_Extracted entries_
Segment Open

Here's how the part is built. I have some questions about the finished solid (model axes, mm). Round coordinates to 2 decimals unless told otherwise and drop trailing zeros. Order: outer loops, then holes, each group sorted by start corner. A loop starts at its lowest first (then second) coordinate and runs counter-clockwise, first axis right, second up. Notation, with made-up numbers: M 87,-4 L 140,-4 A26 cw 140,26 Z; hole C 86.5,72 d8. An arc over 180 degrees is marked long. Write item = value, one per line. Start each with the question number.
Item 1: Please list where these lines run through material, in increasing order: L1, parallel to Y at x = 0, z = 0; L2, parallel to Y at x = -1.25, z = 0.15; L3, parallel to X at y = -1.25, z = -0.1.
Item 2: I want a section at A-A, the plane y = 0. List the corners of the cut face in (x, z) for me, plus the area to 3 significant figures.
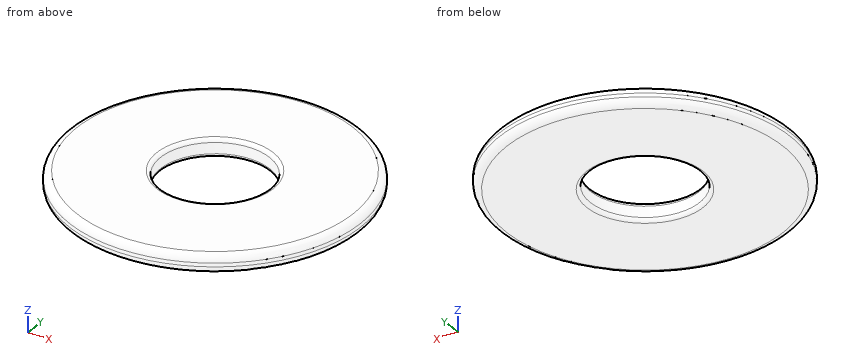
Autodesk Inventor part; units mm, degrees
ref_plane "YZ Plane" through (0, 0, 0) normal (1, 0, 0) x (0, 1, 0)
ref_plane "XZ Plane" through (0, 0, 0) normal (0, 1, 0) x (-1, 0, 0)
ref_plane "XY Plane" through (0, 0, 0) normal (0, 0, 1) x (1, 0, 0)
sketch "Sketch1" plane through (0, 0, 0) normal (0, 0, 1) x (1, 0, 0)
  circle A0 centre (0, 0) radius 1.5
  circle A1 centre (0, 0) radius 4
  dimension "Di" = 3
  dimension "D" = 8
extrude "Extrusion1" add sketch "Sketch1" along normal mid plane 0.5
fillet "Fillet1" radius 0.2 2 edges at (-4, 0, 0.25) (-4, 0, -0.25)
fillet "Fillet2" radius 0.1 2 edges at (-1.5, 0, 0.25) (-1.5, 0, -0.25)
properties part number "Anilha_M3" material "Stainless Steel"
Filled in:
q1.L1 = -4 to -1.5, 1.5 to 4
q1.L2 = -3.77 to -0.83, 0.83 to 3.77
q1.L3 = -3.79 to -0.83, 0.83 to 3.79
q2.outline = M -4,-0.05 A0.2 ccw -3.8,-0.25 L -1.6,-0.25 A0.1 ccw -1.5,-0.15 L -1.5,0.15 A0.1 ccw -1.6,0.25 L -3.8,0.25 A0.2 ccw -4,0.05 Z; M 1.5,-0.15 A0.1 ccw 1.6,-0.25 L 3.8,-0.25 A0.2 ccw 4,-0.05 L 4,0.05 A0.2 ccw 3.8,0.25 L 1.6,0.25 A0.1 ccw 1.5,0.15 Z
q2.area = 2.46 mm^2

Segment Closed

The records are to be returned verbatim. Skip any picture they contain.

_Written reply_
Here's how the part is built. I have some questions about the finished solid (model axes, mm). Round coordinates to 2 decimals unless told otherwise and drop trailing zeros. Order: outer loops, then holes, each group sorted by start corner. A loop starts at its lowest first (then second) coordinate and runs counter-clockwise, first axis right, second up. Notation, with made-up numbers: M 87,-4 L 140,-4 A26 cw 140,26 Z; hole C 86.5,72 d8. An arc over 180 degrees is marked long. Write item = value, one per line. Start each with the question number.
Item 1: Please list where these lines run through material, in increasing order: L1, parallel to Y at x = 0, z = 0; L2, parallel to Y at x = -1.25, z = 0.15; L3, parallel to X at y = -1.25, z = -0.1.
Item 2: I want a section at A-A, the plane y = 0. List the corners of the cut face in (x, z) for me, plus the area to 3 significant figures.
Autodesk Inventor part; units mm, degrees
ref_plane "YZ Plane" through (0, 0, 0) normal (1, 0, 0) x (0, 1, 0)
ref_plane "XZ Plane" through (0, 0, 0) normal (0, 1, 0) x (-1, 0, 0)
ref_plane "XY Plane" through (0, 0, 0) normal (0, 0, 1) x (1, 0, 0)
sketch "Sketch1" plane through (0, 0, 0) normal (0, 0, 1) x (1, 0, 0)
  circle A0 centre (0, 0) radius 1.5
  circle A1 centre (0, 0) radius 4
  dimension "Di" = 3
  dimension "D" = 8
extrude "Extrusion1" add sketch "Sketch1" along normal mid plane 0.5
fillet "Fillet1" radius 0.2 2 edges at (-4, 0, 0.25) (-4, 0, -0.25)
fillet "Fillet2" radius 0.1 2 edges at (-1.5, 0, 0.25) (-1.5, 0, -0.25)
properties part number "Anilha_M3" material "Stainless Steel"
Filled in:
q1.L1 = -4 to -1.5, 1.5 to 4
q1.L2 = -3.77 to -0.83, 0.83 to 3.77
q1.L3 = -3.79 to -0.83, 0.83 to 3.79
q2.outline = M -4,-0.05 A0.2 ccw -3.8,-0.25 L -1.6,-0.25 A0.1 ccw -1.5,-0.15 L -1.5,0.15 A0.1 ccw -1.6,0.25 L -3.8,0.25 A0.2 ccw -4,0.05 Z; M 1.5,-0.15 A0.1 ccw 1.6,-0.25 L 3.8,-0.25 A0.2 ccw 4,-0.05 L 4,0.05 A0.2 ccw 3.8,0.25 L 1.6,0.25 A0.1 ccw 1.5,0.15 Z
q2.area = 2.46 mm^2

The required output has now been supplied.